## Available data
◇ ◇ ◇ ◇ ◇

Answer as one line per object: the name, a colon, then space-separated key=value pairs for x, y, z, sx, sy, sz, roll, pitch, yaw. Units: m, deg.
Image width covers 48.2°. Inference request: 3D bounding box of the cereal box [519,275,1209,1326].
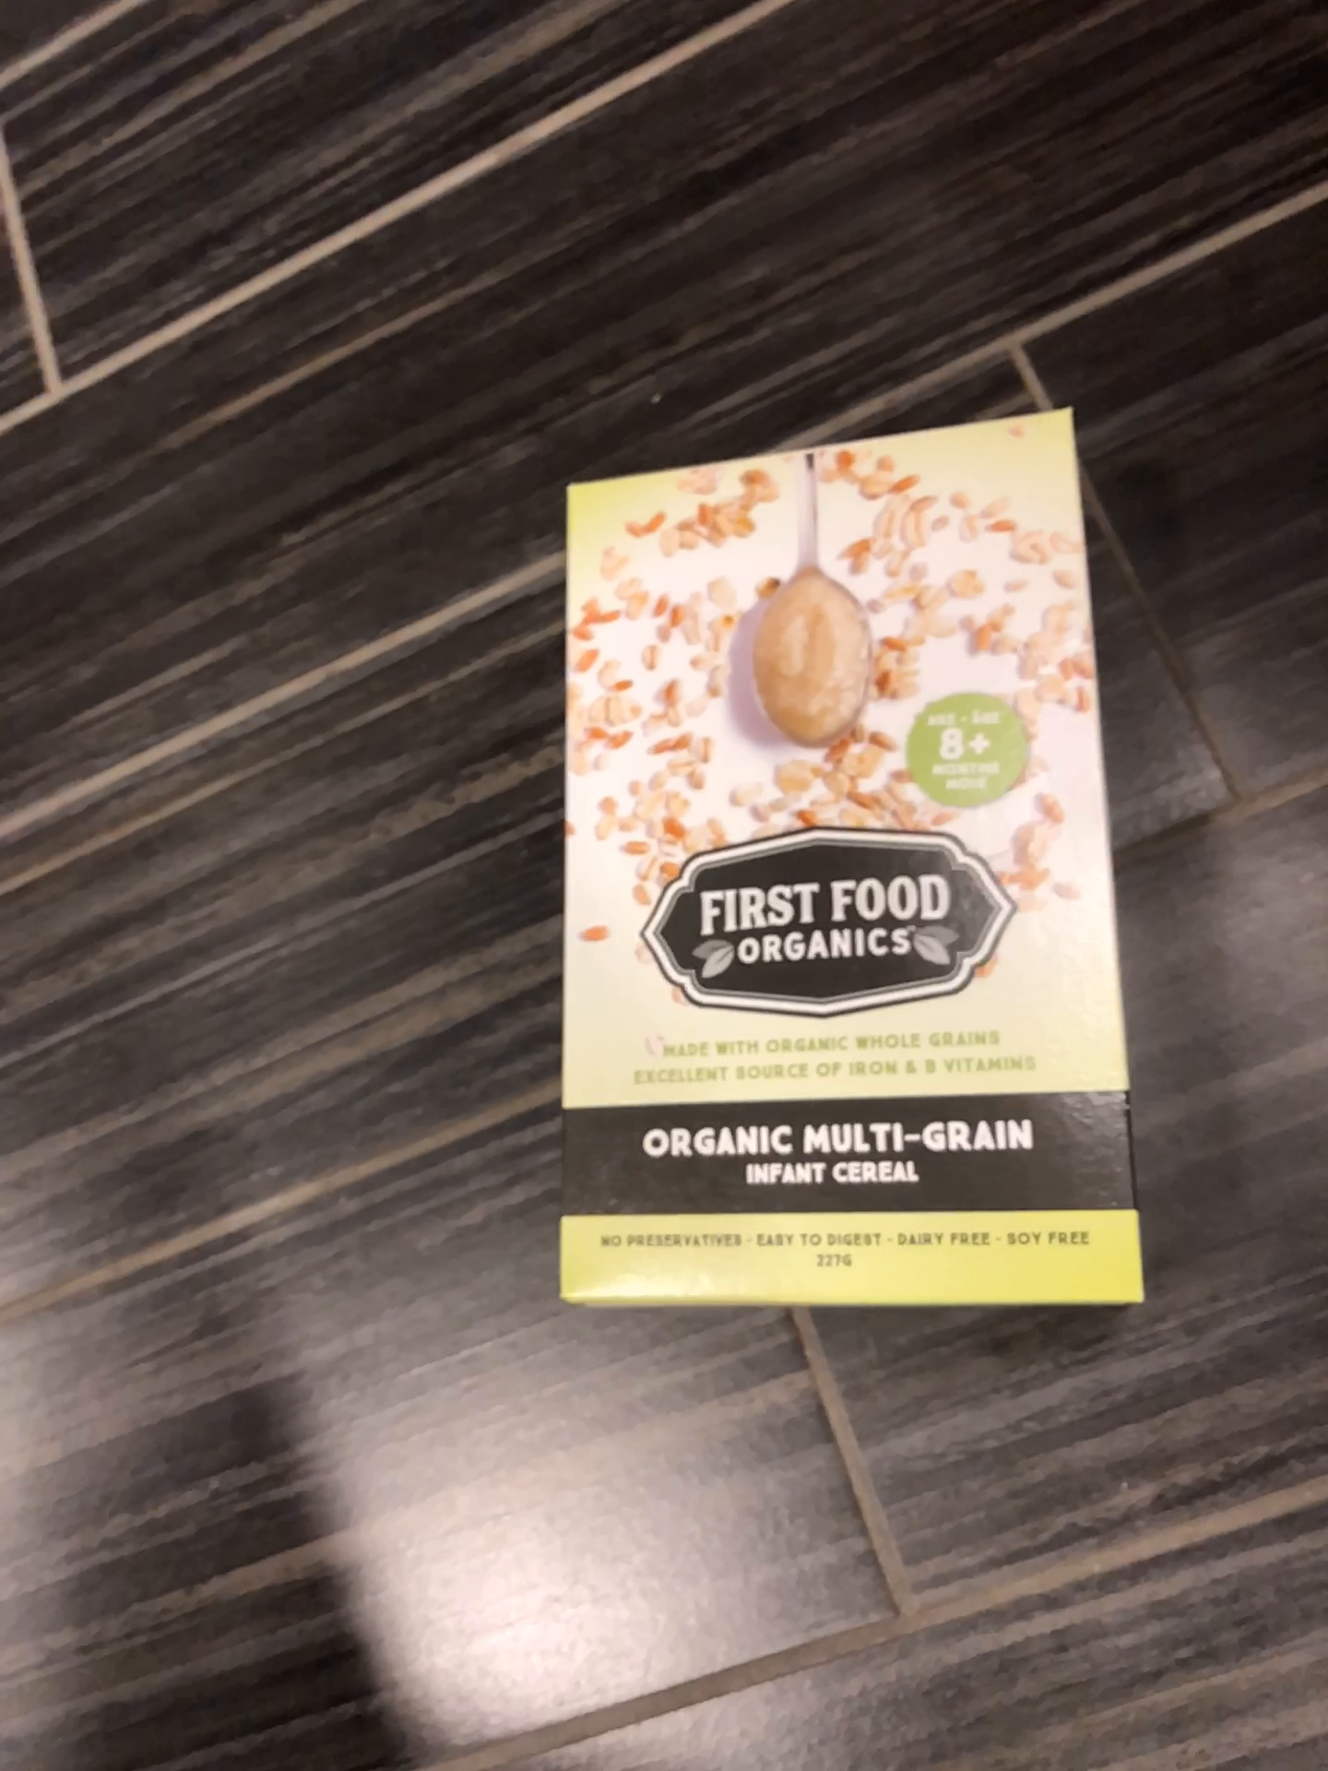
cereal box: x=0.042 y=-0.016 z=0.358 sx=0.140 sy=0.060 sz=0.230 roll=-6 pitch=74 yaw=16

◇ ◇ ◇ ◇ ◇

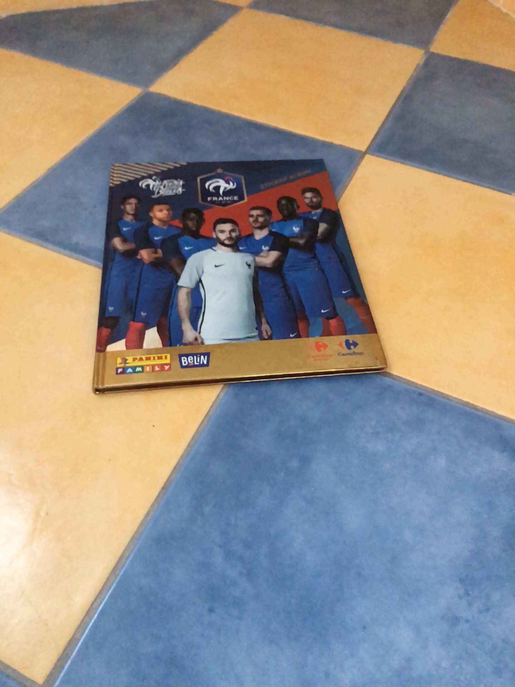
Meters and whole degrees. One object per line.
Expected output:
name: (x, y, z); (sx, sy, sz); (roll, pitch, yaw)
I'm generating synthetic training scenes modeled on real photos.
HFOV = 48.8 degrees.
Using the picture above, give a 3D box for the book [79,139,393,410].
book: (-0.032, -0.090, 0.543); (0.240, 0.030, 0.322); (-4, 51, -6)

◇ ◇ ◇ ◇ ◇

## Prompt
Report how many lines in the material above include "object", and give no other words.

## Answer for this exercise
2